Before I try this, I was just wondering if anyone had any thoughts about unintended consequences.
“Added ashUpd.exe, AvastSvc.exe and AvastUI.exe to New Trusted Applications, and (2) added all executables from the Avast5 folder to My Own Safe Files.”
would not be the same as to set those files as “Trusted Application” in their respective rules for Network Security Policy and Computer Security Policy? Also, I believe that “New Trusted Applications” is just for the Firewall rules. Remember that the problem is with D+ and C:\Program Files\Alwil Software\Avast 5\defs#####, which is another different #### for next update.
Now for avast.setup
“To circumvent the fact its not resident, I was thinking about creating a TXT file in the Avast5\Setup folder, naming it avast.setup, including this file in My Own Safe Files, and then deleting the original file.”
Would you write something in the .txt file beside its name? When you say “deleting the original file.” Are you referring to the .txt file?
Now avast.setup file is not a problem by itself because once you have it in “My own safe Files” there is no need to purge it or remove it. You can purge it from firewall rules or D+ rules and reboot the PC and CIS will recreate rules for avast.setup without any popups. The popups come up when there is a new update folder (defs#####) and avast.setup tries to access, modify, change or whatever, to those .dll files that come inside that defs##### folder.

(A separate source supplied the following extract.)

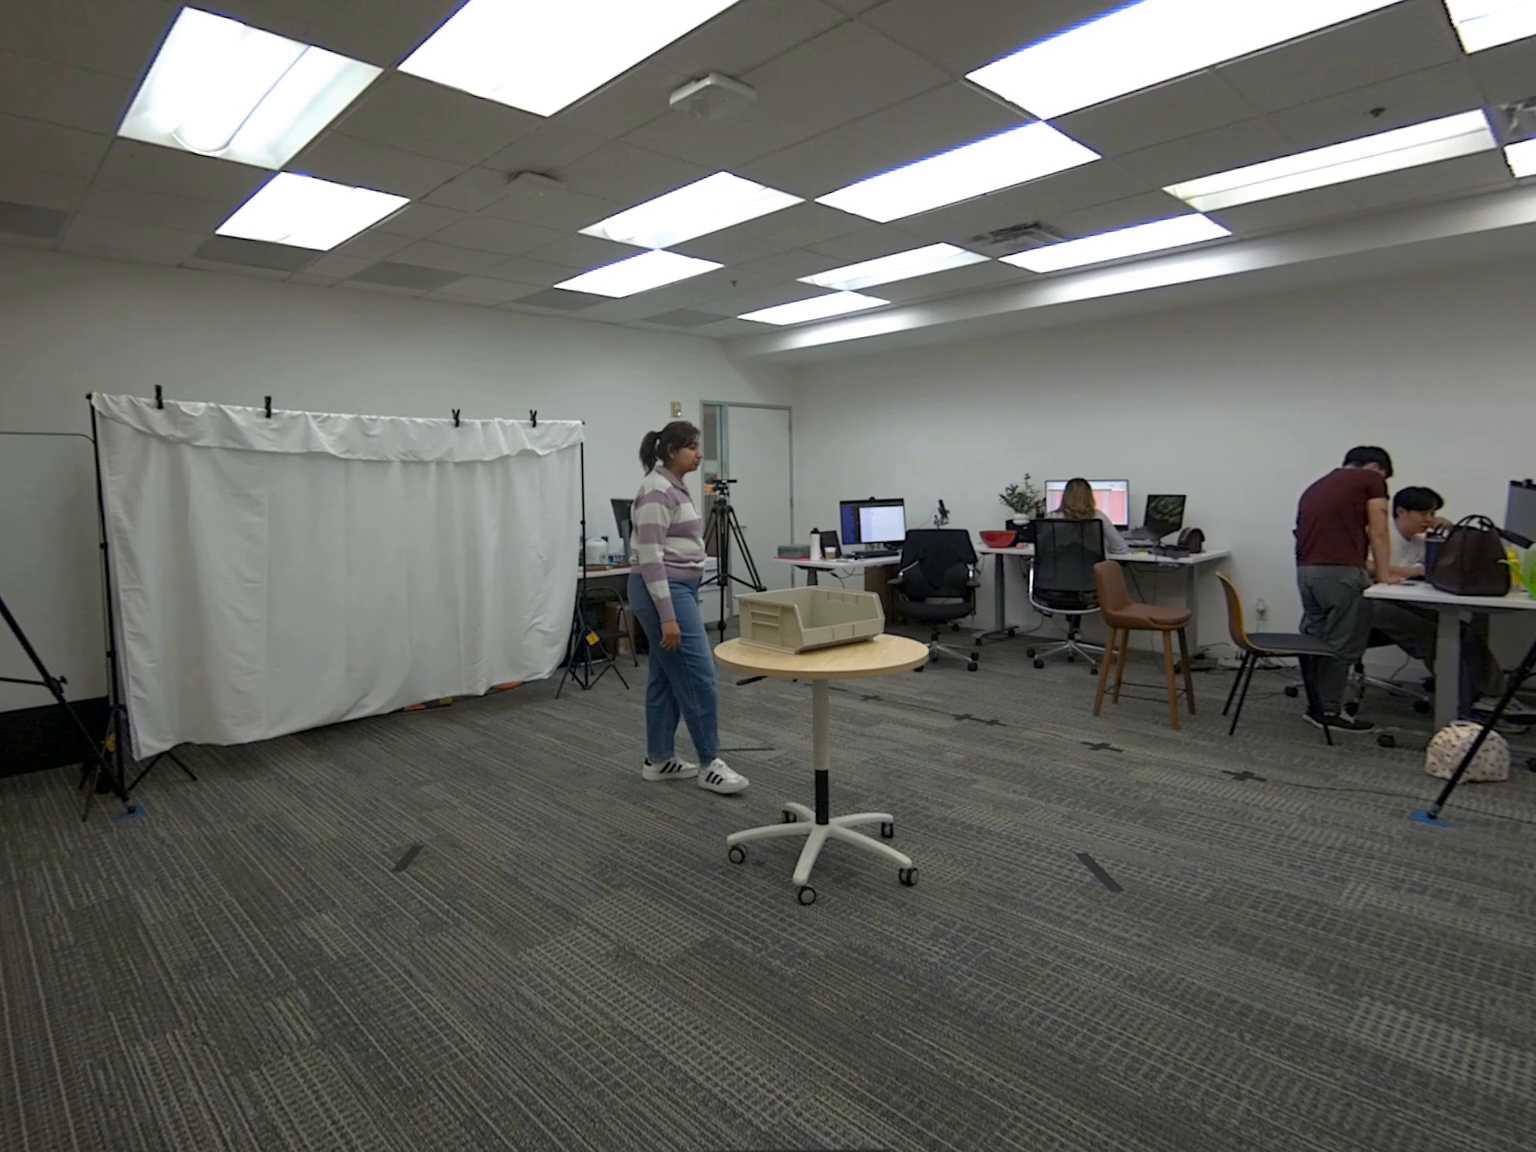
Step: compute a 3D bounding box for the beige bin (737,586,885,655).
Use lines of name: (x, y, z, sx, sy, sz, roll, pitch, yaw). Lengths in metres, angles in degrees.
beige bin: (0.156, 0.162, 3.205, 0.411, 0.188, 0.388, -6, 6, -38)

And I still do not have a valid reason from Comodo for why? Being Alwil a trusted Software Vendor, CIS popups for those files.
I didn’t find that to be the case. Adding these manually resulted in new and unique entries in the policy database.
To your second question:
Based on what I observed today, no matter what is tried, the avast.setup file with cause some sort of problem. Just like the DLLs the cause problems for you, it appears avast.setup changes at least daily. This is apparent from the registry entries CIS creates with each update and is still occurring despite my attempts to stop them. You can permanently stop your pop ups by applying (2) above. However, you will find that by opening “My Own Safe Files” and purging it, there will be numerous entries needing removal. It is also likely your registry is being littered with new entries, most of which are unnecessary. If you have a good registry utility, search for avast.setup and SF.bin. All but the latest SF.bin entries can safely be removed. I removed 844 from my XP x64 computer this morning. As for the avast.setup entries, I’m not sure which can be removed without causing pop ups.
Given the manner Avast5 functions, it’s not surprising “trusted vendor” status doesn’t mean much. Personally, I’m thinking about switching to a new firewall or antivirus.